- TASK REQUIREMENTS
The answer must be an exact copy of the lines from the one with "You are a GUI" to the last line of the entries below, both included, and must contain no pictures.

(Source records)
..............................

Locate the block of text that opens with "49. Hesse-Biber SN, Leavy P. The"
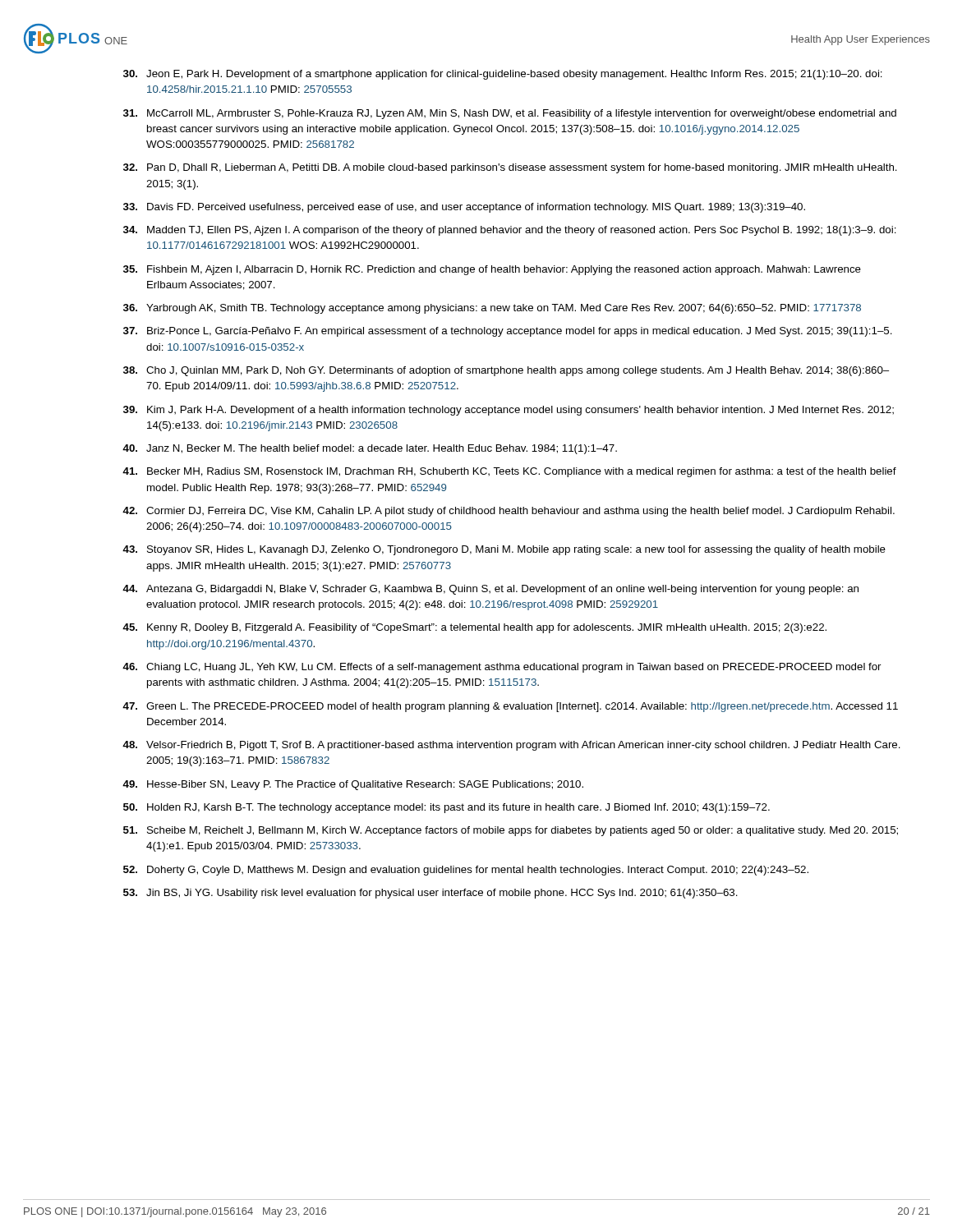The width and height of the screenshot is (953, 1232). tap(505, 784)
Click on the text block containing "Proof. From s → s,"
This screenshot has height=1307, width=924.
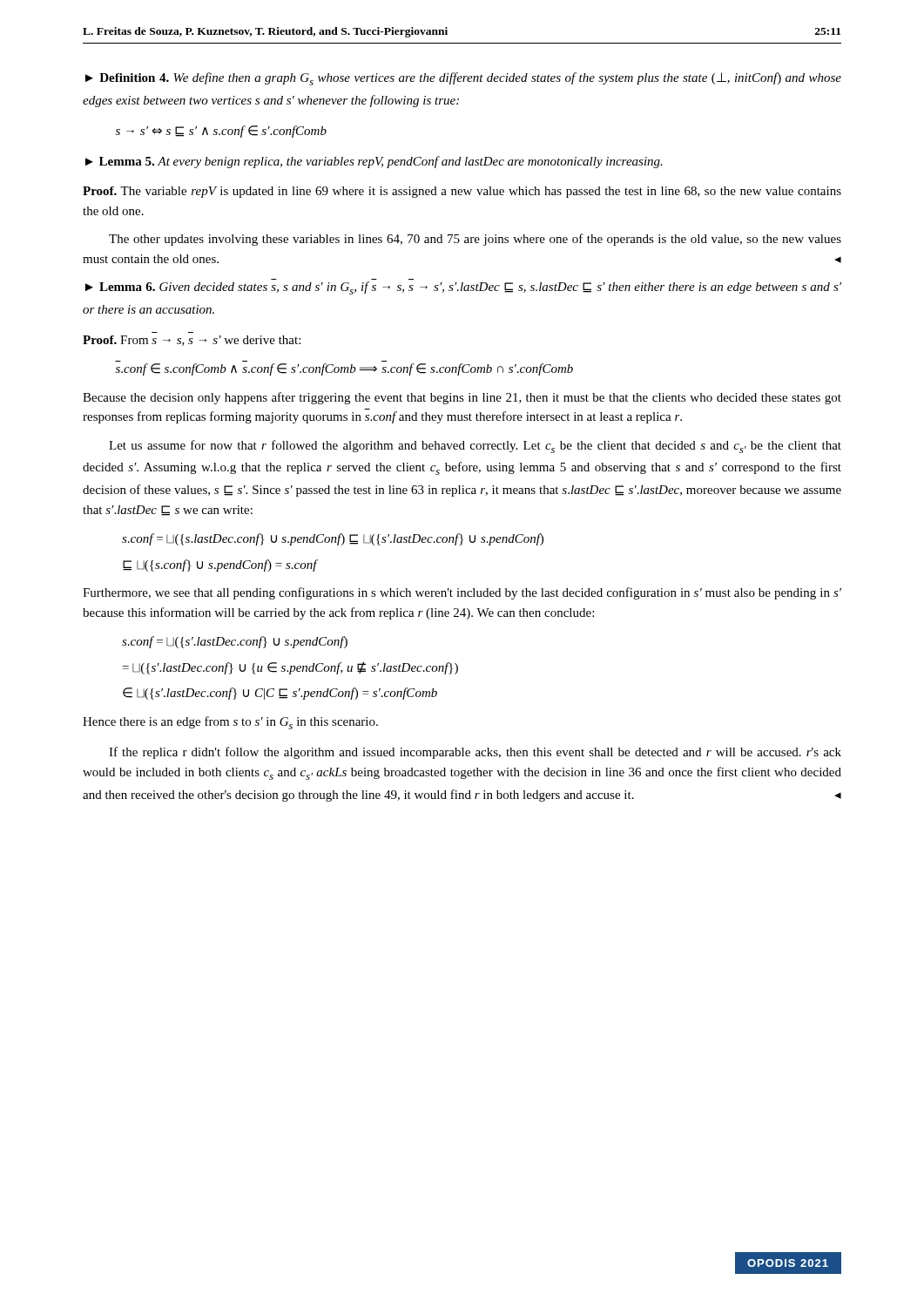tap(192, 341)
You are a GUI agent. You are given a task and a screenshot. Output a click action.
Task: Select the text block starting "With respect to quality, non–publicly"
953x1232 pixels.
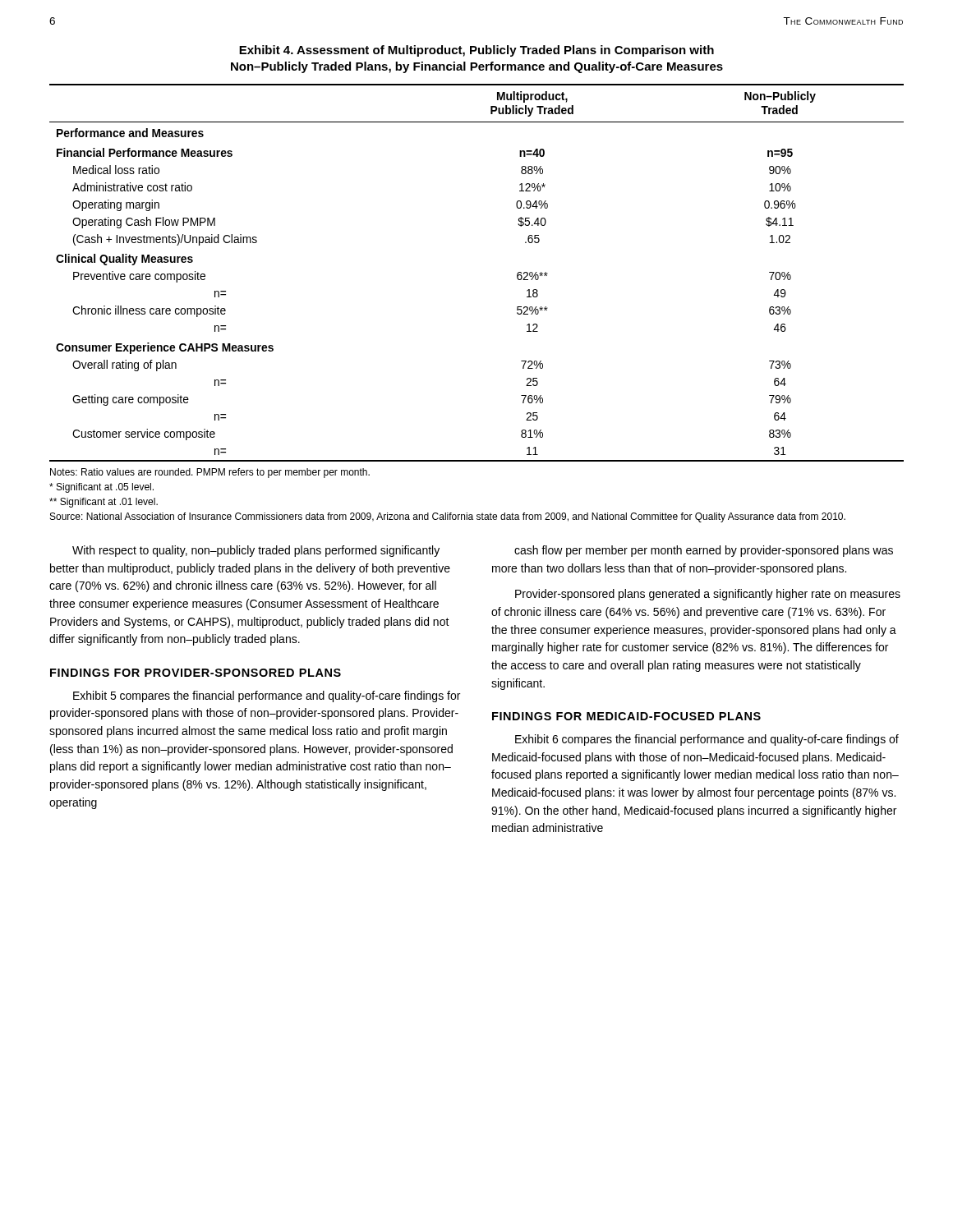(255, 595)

..............................

- SOLUTION BELOW
You are a GUI agent. You are given a task and a screenshot. Output a click action.
Task: Select the text block starting "With respect to quality, non–publicly"
953x1232 pixels.
(255, 595)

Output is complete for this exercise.